2. You must conduct a hazard analysis to determine whether there are food safety hazards that are reasonably likely to occur and have a HACCP plan that at a minimum lists the critical control points, to comply with 21 CFR 123.6(b) as a point, step, or procedure in a food process at which control can be applied and the food safety hazard can as a result be prevented, eliminated, or reduced to acceptable levels. However your firm’s HACCP plans that include canned crab, smoked salmon, and ahi tuna titled Raw - Ready-to-Cook, (R-RTC), Ready-to- Eat, (RTE), and Cooked, Ready-to-Eat, (C-RTE) do not list the critical control points of thawing the frozen canned crab, frozen blocks of ahi tuna and frozen vacuum packaged smoked salmon for controlling the food safety hazards of pathogenic bacteria growth and toxin formation.
We may take further action if you do not promptly correct these violations.

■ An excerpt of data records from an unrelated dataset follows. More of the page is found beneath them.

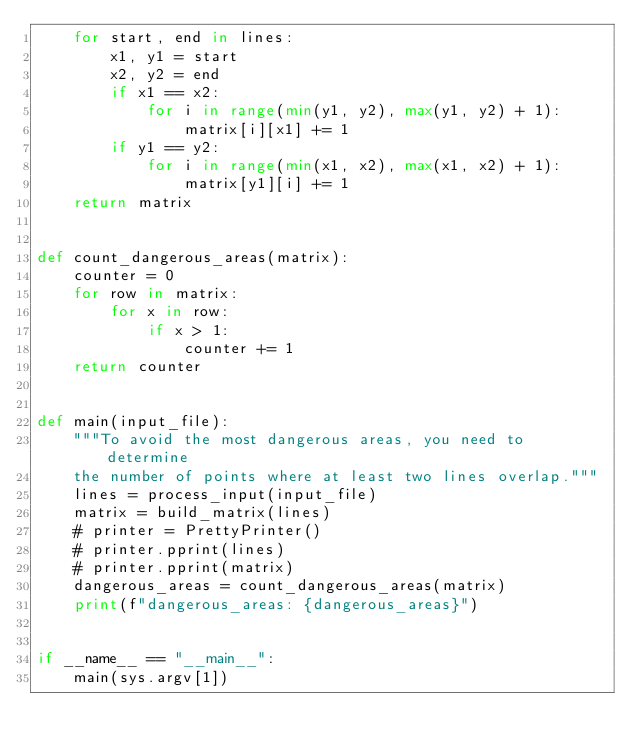<code> <loc_0><loc_0><loc_500><loc_500><_Python_>    for start, end in lines:
        x1, y1 = start
        x2, y2 = end
        if x1 == x2:
            for i in range(min(y1, y2), max(y1, y2) + 1):
                matrix[i][x1] += 1
        if y1 == y2:
            for i in range(min(x1, x2), max(x1, x2) + 1):
                matrix[y1][i] += 1
    return matrix


def count_dangerous_areas(matrix):
    counter = 0
    for row in matrix:
        for x in row:
            if x > 1:
                counter += 1
    return counter


def main(input_file):
    """To avoid the most dangerous areas, you need to determine
    the number of points where at least two lines overlap."""
    lines = process_input(input_file)
    matrix = build_matrix(lines)
    # printer = PrettyPrinter()
    # printer.pprint(lines)
    # printer.pprint(matrix)
    dangerous_areas = count_dangerous_areas(matrix)
    print(f"dangerous_areas: {dangerous_areas}")


if __name__ == "__main__":
    main(sys.argv[1])
</code>

For instance, we may take further action to seize your products and/or enjoin your firm from operating.
You should respond in writing within fifteen (15) working days from your receipt of this letter. Your response should outline the specific things that you are doing to correct these violations. You may wish to include in your response documentation such as HACCP and verification records, or other useful information that would assist us in evaluating your corrections. If you cannot complete all corrections before you respond, you should explain the reason for your delay and stated when you will correct any remaining violations.

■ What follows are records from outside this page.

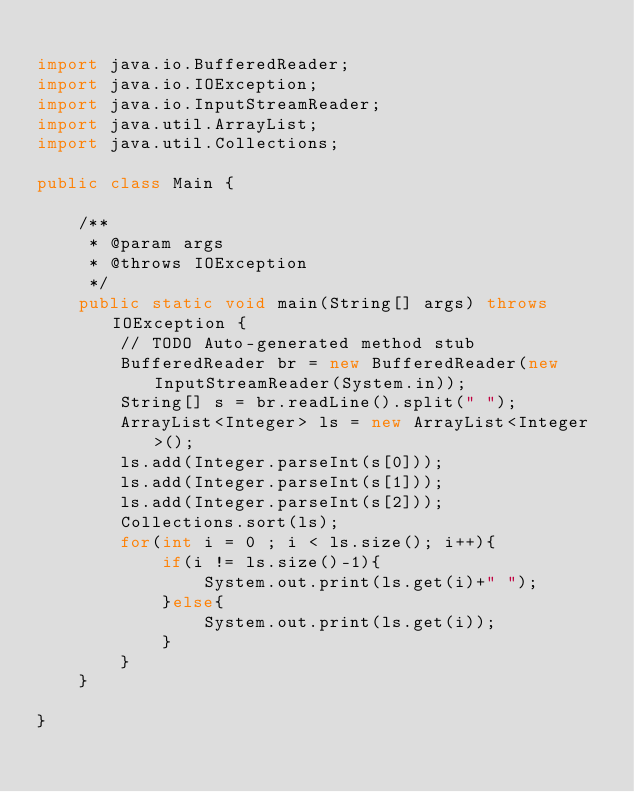Convert code to text. <code><loc_0><loc_0><loc_500><loc_500><_Java_>
import java.io.BufferedReader;
import java.io.IOException;
import java.io.InputStreamReader;
import java.util.ArrayList;
import java.util.Collections;

public class Main {

	/**
	 * @param args
	 * @throws IOException 
	 */
	public static void main(String[] args) throws IOException {
		// TODO Auto-generated method stub
		BufferedReader br = new BufferedReader(new InputStreamReader(System.in));
		String[] s = br.readLine().split(" ");
		ArrayList<Integer> ls = new ArrayList<Integer>();
		ls.add(Integer.parseInt(s[0]));
		ls.add(Integer.parseInt(s[1]));
		ls.add(Integer.parseInt(s[2]));
		Collections.sort(ls);
		for(int i = 0 ; i < ls.size(); i++){
			if(i != ls.size()-1){
				System.out.print(ls.get(i)+" ");
			}else{
				System.out.print(ls.get(i));
			}
		}
	}

}</code>

Section 743 of the Act [21 U.S.C § 379j-31] authorizes FDA to assess and collect fees to cover FDA’s costs for certain activities, including re-inspection-related costs. A re-inspection is one or more inspections conducted subsequent to an inspection that identified a noncompliance materially related to food safety requirement of the Act, specifically to determine whether compliance has been achieved. Re-inspection related costs means all expenses, including administrative expense incurred in connection with FDA’s arranging, conducting and evaluating the results of the re-inspection assessing and collecting the re-inspection fees [21 U.S.C § 379j-31(a)(2)(B)]. The inspection noted in this letter identified noncompliance materially related to a food safety requirement of the Act. Accordingly, FDA may assess fees to cover any re-inspection-related cost.
This letter may not list all the violations at your facility. You are responsible for ensuring that your processing plant operates in compliance with the FD&C Act, and the seafood HACCP regulation (21 CFR Part 123) and Current Good Manufacturing Practice regulation, (21 CFR Part 110). You also have a responsibility to use procedures to prevent further violations of the Act and all applicable regulations.
Please send your reply to the Food and Drug Administration,
Lawton W. Lum,
Director of Compliance
1431 Harbor Bay Parkway
Alameda, CA 94502
Please reference CMS # 107332
If you have questions regarding this letter, please contact Tammy Hancock at 510-337-6737.